(TASK ITEM):
Lines outside the range are not wanted. Give again exactly the lines between the line holding "Keep it short and to the point. 143.56." and the line holding "Provide a succinct answer. 143.56.", inclusive, from the listing below.
--- DATASET EXTRACT ---
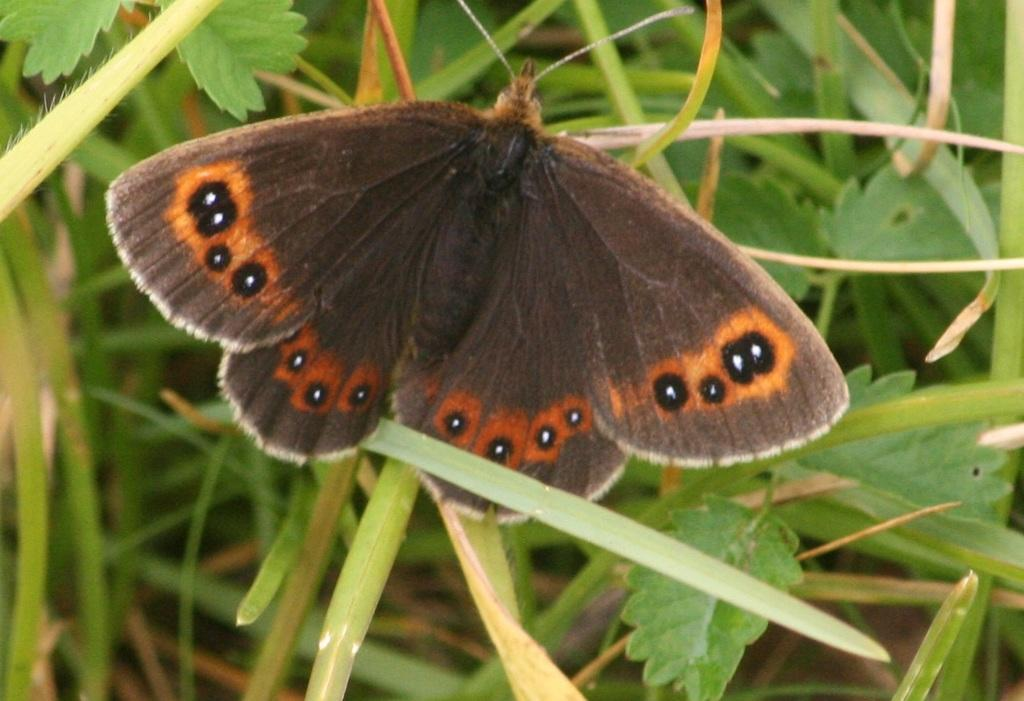What is the main subject of the image? There is a butterfly in the image. Where is the butterfly located in the image? The butterfly is in the front of the image. What can be seen in the background of the image? There are leaves in the background of the image. What type of noise does the donkey make in the image? There is no donkey present in the image, so it is not possible to determine what noise it might make. 
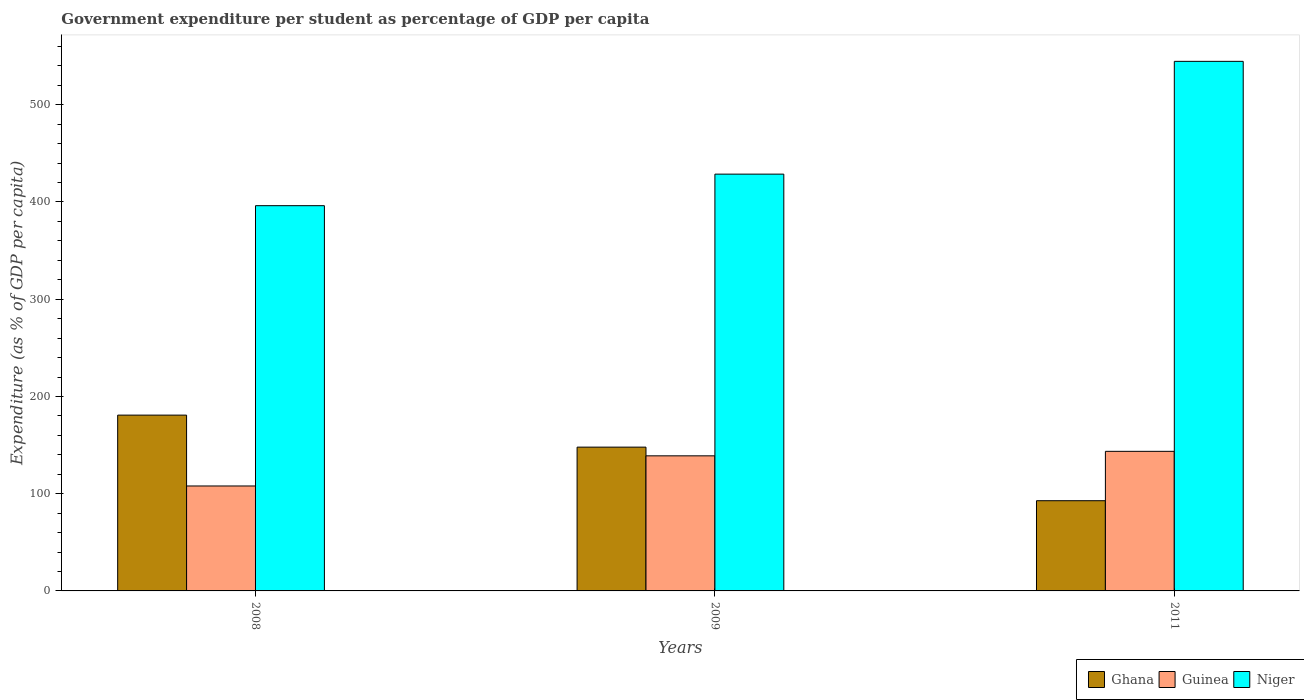How many groups of bars are there?
Provide a short and direct response. 3. What is the label of the 1st group of bars from the left?
Offer a very short reply. 2008. In how many cases, is the number of bars for a given year not equal to the number of legend labels?
Provide a short and direct response. 0. What is the percentage of expenditure per student in Niger in 2011?
Your answer should be compact. 544.64. Across all years, what is the maximum percentage of expenditure per student in Niger?
Provide a succinct answer. 544.64. Across all years, what is the minimum percentage of expenditure per student in Ghana?
Your response must be concise. 92.78. In which year was the percentage of expenditure per student in Niger minimum?
Keep it short and to the point. 2008. What is the total percentage of expenditure per student in Niger in the graph?
Offer a terse response. 1369.51. What is the difference between the percentage of expenditure per student in Ghana in 2009 and that in 2011?
Your answer should be very brief. 55.09. What is the difference between the percentage of expenditure per student in Guinea in 2008 and the percentage of expenditure per student in Ghana in 2011?
Provide a short and direct response. 15.14. What is the average percentage of expenditure per student in Ghana per year?
Your answer should be very brief. 140.49. In the year 2009, what is the difference between the percentage of expenditure per student in Guinea and percentage of expenditure per student in Ghana?
Offer a very short reply. -8.95. In how many years, is the percentage of expenditure per student in Niger greater than 240 %?
Your answer should be compact. 3. What is the ratio of the percentage of expenditure per student in Ghana in 2008 to that in 2009?
Your response must be concise. 1.22. Is the percentage of expenditure per student in Niger in 2008 less than that in 2009?
Provide a short and direct response. Yes. What is the difference between the highest and the second highest percentage of expenditure per student in Guinea?
Give a very brief answer. 4.63. What is the difference between the highest and the lowest percentage of expenditure per student in Niger?
Provide a succinct answer. 148.44. In how many years, is the percentage of expenditure per student in Niger greater than the average percentage of expenditure per student in Niger taken over all years?
Offer a very short reply. 1. Is the sum of the percentage of expenditure per student in Niger in 2009 and 2011 greater than the maximum percentage of expenditure per student in Ghana across all years?
Provide a succinct answer. Yes. What does the 1st bar from the left in 2008 represents?
Your response must be concise. Ghana. What does the 1st bar from the right in 2011 represents?
Make the answer very short. Niger. Are all the bars in the graph horizontal?
Your answer should be compact. No. What is the difference between two consecutive major ticks on the Y-axis?
Your answer should be compact. 100. Are the values on the major ticks of Y-axis written in scientific E-notation?
Your response must be concise. No. Where does the legend appear in the graph?
Provide a succinct answer. Bottom right. How many legend labels are there?
Make the answer very short. 3. How are the legend labels stacked?
Provide a succinct answer. Horizontal. What is the title of the graph?
Make the answer very short. Government expenditure per student as percentage of GDP per capita. What is the label or title of the Y-axis?
Your response must be concise. Expenditure (as % of GDP per capita). What is the Expenditure (as % of GDP per capita) of Ghana in 2008?
Ensure brevity in your answer.  180.8. What is the Expenditure (as % of GDP per capita) of Guinea in 2008?
Your response must be concise. 107.93. What is the Expenditure (as % of GDP per capita) in Niger in 2008?
Provide a succinct answer. 396.2. What is the Expenditure (as % of GDP per capita) of Ghana in 2009?
Ensure brevity in your answer.  147.88. What is the Expenditure (as % of GDP per capita) of Guinea in 2009?
Your response must be concise. 138.93. What is the Expenditure (as % of GDP per capita) in Niger in 2009?
Your answer should be compact. 428.66. What is the Expenditure (as % of GDP per capita) in Ghana in 2011?
Your answer should be very brief. 92.78. What is the Expenditure (as % of GDP per capita) of Guinea in 2011?
Keep it short and to the point. 143.56. What is the Expenditure (as % of GDP per capita) in Niger in 2011?
Provide a succinct answer. 544.64. Across all years, what is the maximum Expenditure (as % of GDP per capita) of Ghana?
Give a very brief answer. 180.8. Across all years, what is the maximum Expenditure (as % of GDP per capita) of Guinea?
Provide a succinct answer. 143.56. Across all years, what is the maximum Expenditure (as % of GDP per capita) in Niger?
Keep it short and to the point. 544.64. Across all years, what is the minimum Expenditure (as % of GDP per capita) of Ghana?
Keep it short and to the point. 92.78. Across all years, what is the minimum Expenditure (as % of GDP per capita) in Guinea?
Offer a terse response. 107.93. Across all years, what is the minimum Expenditure (as % of GDP per capita) in Niger?
Your answer should be compact. 396.2. What is the total Expenditure (as % of GDP per capita) of Ghana in the graph?
Ensure brevity in your answer.  421.47. What is the total Expenditure (as % of GDP per capita) of Guinea in the graph?
Your response must be concise. 390.42. What is the total Expenditure (as % of GDP per capita) in Niger in the graph?
Give a very brief answer. 1369.51. What is the difference between the Expenditure (as % of GDP per capita) of Ghana in 2008 and that in 2009?
Offer a terse response. 32.93. What is the difference between the Expenditure (as % of GDP per capita) in Guinea in 2008 and that in 2009?
Your answer should be very brief. -31.01. What is the difference between the Expenditure (as % of GDP per capita) in Niger in 2008 and that in 2009?
Make the answer very short. -32.45. What is the difference between the Expenditure (as % of GDP per capita) in Ghana in 2008 and that in 2011?
Offer a very short reply. 88.02. What is the difference between the Expenditure (as % of GDP per capita) of Guinea in 2008 and that in 2011?
Your response must be concise. -35.64. What is the difference between the Expenditure (as % of GDP per capita) of Niger in 2008 and that in 2011?
Ensure brevity in your answer.  -148.44. What is the difference between the Expenditure (as % of GDP per capita) in Ghana in 2009 and that in 2011?
Ensure brevity in your answer.  55.09. What is the difference between the Expenditure (as % of GDP per capita) of Guinea in 2009 and that in 2011?
Your answer should be compact. -4.63. What is the difference between the Expenditure (as % of GDP per capita) of Niger in 2009 and that in 2011?
Ensure brevity in your answer.  -115.99. What is the difference between the Expenditure (as % of GDP per capita) of Ghana in 2008 and the Expenditure (as % of GDP per capita) of Guinea in 2009?
Keep it short and to the point. 41.87. What is the difference between the Expenditure (as % of GDP per capita) in Ghana in 2008 and the Expenditure (as % of GDP per capita) in Niger in 2009?
Your answer should be compact. -247.85. What is the difference between the Expenditure (as % of GDP per capita) in Guinea in 2008 and the Expenditure (as % of GDP per capita) in Niger in 2009?
Make the answer very short. -320.73. What is the difference between the Expenditure (as % of GDP per capita) of Ghana in 2008 and the Expenditure (as % of GDP per capita) of Guinea in 2011?
Provide a short and direct response. 37.24. What is the difference between the Expenditure (as % of GDP per capita) of Ghana in 2008 and the Expenditure (as % of GDP per capita) of Niger in 2011?
Your response must be concise. -363.84. What is the difference between the Expenditure (as % of GDP per capita) of Guinea in 2008 and the Expenditure (as % of GDP per capita) of Niger in 2011?
Ensure brevity in your answer.  -436.72. What is the difference between the Expenditure (as % of GDP per capita) of Ghana in 2009 and the Expenditure (as % of GDP per capita) of Guinea in 2011?
Your response must be concise. 4.31. What is the difference between the Expenditure (as % of GDP per capita) of Ghana in 2009 and the Expenditure (as % of GDP per capita) of Niger in 2011?
Provide a short and direct response. -396.77. What is the difference between the Expenditure (as % of GDP per capita) in Guinea in 2009 and the Expenditure (as % of GDP per capita) in Niger in 2011?
Ensure brevity in your answer.  -405.71. What is the average Expenditure (as % of GDP per capita) in Ghana per year?
Your response must be concise. 140.49. What is the average Expenditure (as % of GDP per capita) in Guinea per year?
Your answer should be compact. 130.14. What is the average Expenditure (as % of GDP per capita) in Niger per year?
Your answer should be compact. 456.5. In the year 2008, what is the difference between the Expenditure (as % of GDP per capita) in Ghana and Expenditure (as % of GDP per capita) in Guinea?
Provide a short and direct response. 72.88. In the year 2008, what is the difference between the Expenditure (as % of GDP per capita) of Ghana and Expenditure (as % of GDP per capita) of Niger?
Offer a terse response. -215.4. In the year 2008, what is the difference between the Expenditure (as % of GDP per capita) of Guinea and Expenditure (as % of GDP per capita) of Niger?
Keep it short and to the point. -288.28. In the year 2009, what is the difference between the Expenditure (as % of GDP per capita) of Ghana and Expenditure (as % of GDP per capita) of Guinea?
Keep it short and to the point. 8.95. In the year 2009, what is the difference between the Expenditure (as % of GDP per capita) in Ghana and Expenditure (as % of GDP per capita) in Niger?
Keep it short and to the point. -280.78. In the year 2009, what is the difference between the Expenditure (as % of GDP per capita) of Guinea and Expenditure (as % of GDP per capita) of Niger?
Offer a very short reply. -289.73. In the year 2011, what is the difference between the Expenditure (as % of GDP per capita) of Ghana and Expenditure (as % of GDP per capita) of Guinea?
Provide a short and direct response. -50.78. In the year 2011, what is the difference between the Expenditure (as % of GDP per capita) in Ghana and Expenditure (as % of GDP per capita) in Niger?
Offer a very short reply. -451.86. In the year 2011, what is the difference between the Expenditure (as % of GDP per capita) of Guinea and Expenditure (as % of GDP per capita) of Niger?
Your answer should be compact. -401.08. What is the ratio of the Expenditure (as % of GDP per capita) of Ghana in 2008 to that in 2009?
Provide a succinct answer. 1.22. What is the ratio of the Expenditure (as % of GDP per capita) in Guinea in 2008 to that in 2009?
Your answer should be very brief. 0.78. What is the ratio of the Expenditure (as % of GDP per capita) in Niger in 2008 to that in 2009?
Give a very brief answer. 0.92. What is the ratio of the Expenditure (as % of GDP per capita) in Ghana in 2008 to that in 2011?
Give a very brief answer. 1.95. What is the ratio of the Expenditure (as % of GDP per capita) in Guinea in 2008 to that in 2011?
Give a very brief answer. 0.75. What is the ratio of the Expenditure (as % of GDP per capita) in Niger in 2008 to that in 2011?
Your answer should be very brief. 0.73. What is the ratio of the Expenditure (as % of GDP per capita) of Ghana in 2009 to that in 2011?
Make the answer very short. 1.59. What is the ratio of the Expenditure (as % of GDP per capita) of Guinea in 2009 to that in 2011?
Give a very brief answer. 0.97. What is the ratio of the Expenditure (as % of GDP per capita) of Niger in 2009 to that in 2011?
Keep it short and to the point. 0.79. What is the difference between the highest and the second highest Expenditure (as % of GDP per capita) in Ghana?
Your answer should be compact. 32.93. What is the difference between the highest and the second highest Expenditure (as % of GDP per capita) in Guinea?
Your answer should be compact. 4.63. What is the difference between the highest and the second highest Expenditure (as % of GDP per capita) of Niger?
Your answer should be compact. 115.99. What is the difference between the highest and the lowest Expenditure (as % of GDP per capita) in Ghana?
Provide a short and direct response. 88.02. What is the difference between the highest and the lowest Expenditure (as % of GDP per capita) in Guinea?
Keep it short and to the point. 35.64. What is the difference between the highest and the lowest Expenditure (as % of GDP per capita) in Niger?
Make the answer very short. 148.44.
---
(TASK ANSWER):
Keep it short and to the point. 143.56. What is the Expenditure (as % of GDP per capita) in Niger in 2011?
Provide a succinct answer. 544.64. Across all years, what is the maximum Expenditure (as % of GDP per capita) of Ghana?
Give a very brief answer. 180.8. Across all years, what is the maximum Expenditure (as % of GDP per capita) of Guinea?
Provide a succinct answer. 143.56. Across all years, what is the maximum Expenditure (as % of GDP per capita) in Niger?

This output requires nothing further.